• **Problem**: From the records below, output exactly the lines starting at the line with "Next, the car (172,202,174,212)." and ending at the line with "Reply in this", both of them included, but no pictures.

• **Exercise input**:
------

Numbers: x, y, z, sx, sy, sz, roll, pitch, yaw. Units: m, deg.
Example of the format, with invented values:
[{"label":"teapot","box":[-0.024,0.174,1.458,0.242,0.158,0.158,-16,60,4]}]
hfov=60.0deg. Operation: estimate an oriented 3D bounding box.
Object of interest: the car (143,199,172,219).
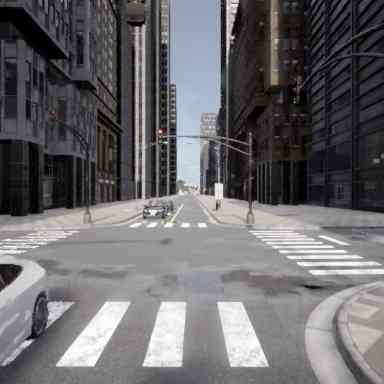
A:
[{"label":"car","box":[-3.176,1.500,29.438,2.128,1.511,4.902,0,0,0]}]

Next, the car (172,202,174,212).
[{"label":"car","box":[-3.204,1.578,39.504,1.994,1.385,4.181,0,0,-1]}]

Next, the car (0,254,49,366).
[{"label":"car","box":[-3.084,1.526,3.756,1.812,1.442,4.674,1,0,-6]}]
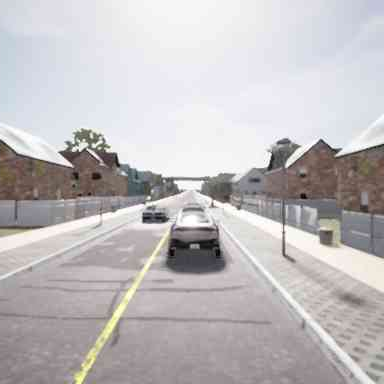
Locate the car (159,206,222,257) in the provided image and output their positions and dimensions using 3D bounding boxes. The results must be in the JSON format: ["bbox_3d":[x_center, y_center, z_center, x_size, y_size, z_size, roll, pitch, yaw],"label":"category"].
[{"bbox_3d":[0.094,1.516,12.961,2.128,1.511,4.902,0,0,0],"label":"car"}]

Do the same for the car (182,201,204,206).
[{"bbox_3d":[0.097,1.553,28.531,1.837,1.490,4.892,0,0,0],"label":"car"}]

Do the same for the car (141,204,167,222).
[{"bbox_3d":[-2.848,1.647,26.619,1.895,1.301,4.718,0,0,0],"label":"car"}]
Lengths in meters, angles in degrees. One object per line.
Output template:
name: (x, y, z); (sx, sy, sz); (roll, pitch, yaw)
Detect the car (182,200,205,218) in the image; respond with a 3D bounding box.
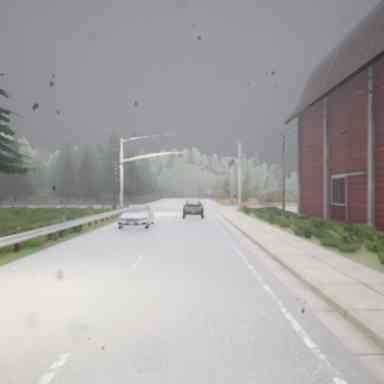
car: (0.113, 1.487, 30.206); (2.128, 1.511, 4.902); (0, 0, 0)

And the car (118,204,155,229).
car: (-3.492, 1.534, 21.549); (1.812, 1.442, 4.674); (0, 0, 0)
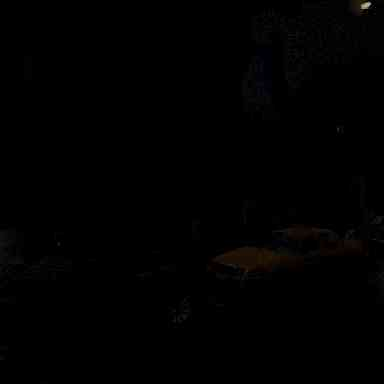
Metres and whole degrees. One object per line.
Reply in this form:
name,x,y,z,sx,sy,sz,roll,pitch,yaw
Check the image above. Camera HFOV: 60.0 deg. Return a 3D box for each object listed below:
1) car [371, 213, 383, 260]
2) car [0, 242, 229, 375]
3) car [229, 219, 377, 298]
car,7.128,1.441,11.749,4.097,1.590,1.967,0,0,-36
car,-1.719,1.566,5.424,4.313,1.339,1.947,0,0,-36
car,2.567,1.525,8.488,4.829,1.417,1.752,0,0,-36
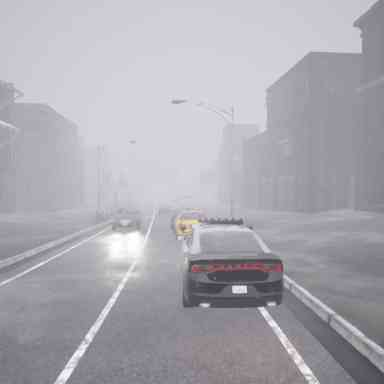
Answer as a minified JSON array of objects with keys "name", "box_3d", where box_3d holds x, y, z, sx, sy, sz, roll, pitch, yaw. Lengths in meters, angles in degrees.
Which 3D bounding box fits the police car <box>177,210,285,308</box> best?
[{"name":"police car","box_3d":[0.676,1.465,8.189,1.930,1.638,5.238,0,-1,-3]}]

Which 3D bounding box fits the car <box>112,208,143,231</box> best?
[{"name":"car","box_3d":[-4.516,1.879,23.656,2.128,1.511,4.902,0,-2,-6]}]

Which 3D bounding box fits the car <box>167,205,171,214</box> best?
[{"name":"car","box_3d":[-0.641,1.858,24.182,1.882,1.535,5.008,0,-2,-6]}]

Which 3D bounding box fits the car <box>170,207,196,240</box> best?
[{"name":"car","box_3d":[-0.073,1.671,18.365,1.801,1.575,5.366,0,-1,-5]}]

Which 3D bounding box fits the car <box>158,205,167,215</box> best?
[{"name":"car","box_3d":[-3.800,2.454,47.023,1.895,1.301,4.718,0,0,-5]}]
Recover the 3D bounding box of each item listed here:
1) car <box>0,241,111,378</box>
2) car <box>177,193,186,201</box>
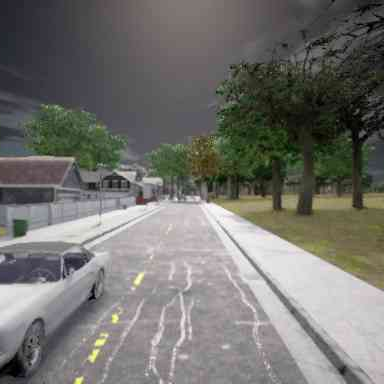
[{"bbox_3d":[-2.849,1.603,5.642,1.895,1.301,4.718,0,0,0],"label":"car"},{"bbox_3d":[-2.723,1.400,90.856,2.150,2.045,5.566,0,0,0],"label":"car"}]
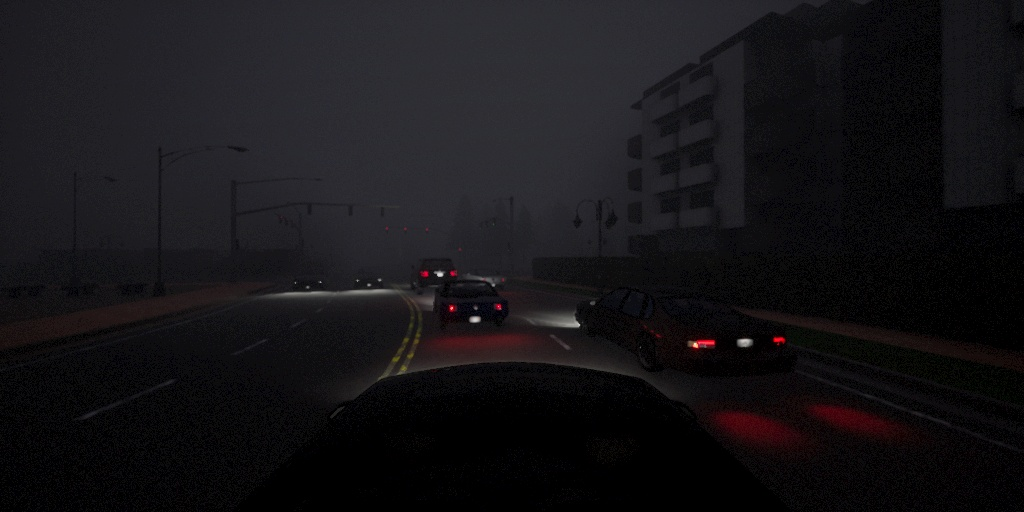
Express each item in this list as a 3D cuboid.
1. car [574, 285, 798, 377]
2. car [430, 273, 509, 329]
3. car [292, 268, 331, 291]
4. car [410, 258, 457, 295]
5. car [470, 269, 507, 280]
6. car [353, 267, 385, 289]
[{"bbox_3d":[3.007,1.334,7.700,2.033,1.411,5.357,0,0,-9],"label":"car"},{"bbox_3d":[-1.540,1.423,11.719,1.895,1.301,4.718,0,0,-15],"label":"car"},{"bbox_3d":[-13.481,1.543,24.393,2.033,1.411,5.357,0,0,-22],"label":"car"},{"bbox_3d":[-4.764,1.116,21.506,2.150,2.045,5.566,0,0,-21],"label":"car"},{"bbox_3d":[-1.972,1.508,23.971,1.895,1.301,4.718,0,0,-21],"label":"car"},{"bbox_3d":[-10.085,1.476,25.319,2.033,1.411,5.357,0,0,-22],"label":"car"}]
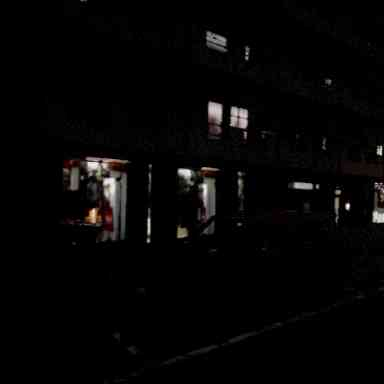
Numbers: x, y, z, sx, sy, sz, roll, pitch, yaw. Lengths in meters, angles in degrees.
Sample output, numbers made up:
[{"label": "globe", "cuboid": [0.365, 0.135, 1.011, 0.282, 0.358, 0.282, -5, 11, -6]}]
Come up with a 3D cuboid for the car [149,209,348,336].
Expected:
[{"label": "car", "cuboid": [1.229, 1.343, 6.943, 5.009, 1.841, 2.192, 0, 1, -35]}]

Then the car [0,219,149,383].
[{"label": "car", "cuboid": [-3.274, 1.312, 3.733, 5.009, 1.841, 2.192, 0, 1, -35]}]
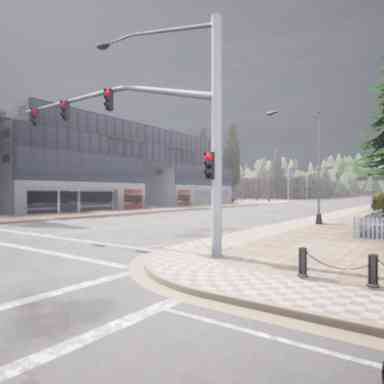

------

• **Exercise result**:
Next, the car (172,202,174,212).
[{"label":"car","box":[-3.204,1.578,39.504,1.994,1.385,4.181,0,0,-1]}]

Next, the car (0,254,49,366).
[{"label":"car","box":[-3.084,1.526,3.756,1.812,1.442,4.674,1,0,-6]}]
Locate the car (159,206,222,257) in the provided image and output their positions and dimensions using 3D bounding boxes. The results must be in the JSON format: ["bbox_3d":[x_center, y_center, z_center, x_size, y_size, z_size, roll, pitch, yaw],"label":"category"].
[{"bbox_3d":[0.094,1.516,12.961,2.128,1.511,4.902,0,0,0],"label":"car"}]

Do the same for the car (182,201,204,206).
[{"bbox_3d":[0.097,1.553,28.531,1.837,1.490,4.892,0,0,0],"label":"car"}]

Do the same for the car (141,204,167,222).
[{"bbox_3d":[-2.848,1.647,26.619,1.895,1.301,4.718,0,0,0],"label":"car"}]
Lengths in meters, angles in degrees. One object per line.
Output template:
name: (x, y, z); (sx, sy, sz); (roll, pitch, yaw)
Detect the car (182,200,205,218) in the image; respond with a 3D bounding box.
car: (0.113, 1.487, 30.206); (2.128, 1.511, 4.902); (0, 0, 0)

And the car (118,204,155,229).
car: (-3.492, 1.534, 21.549); (1.812, 1.442, 4.674); (0, 0, 0)
Metres and whole degrees. One object per line.
Reply in this form:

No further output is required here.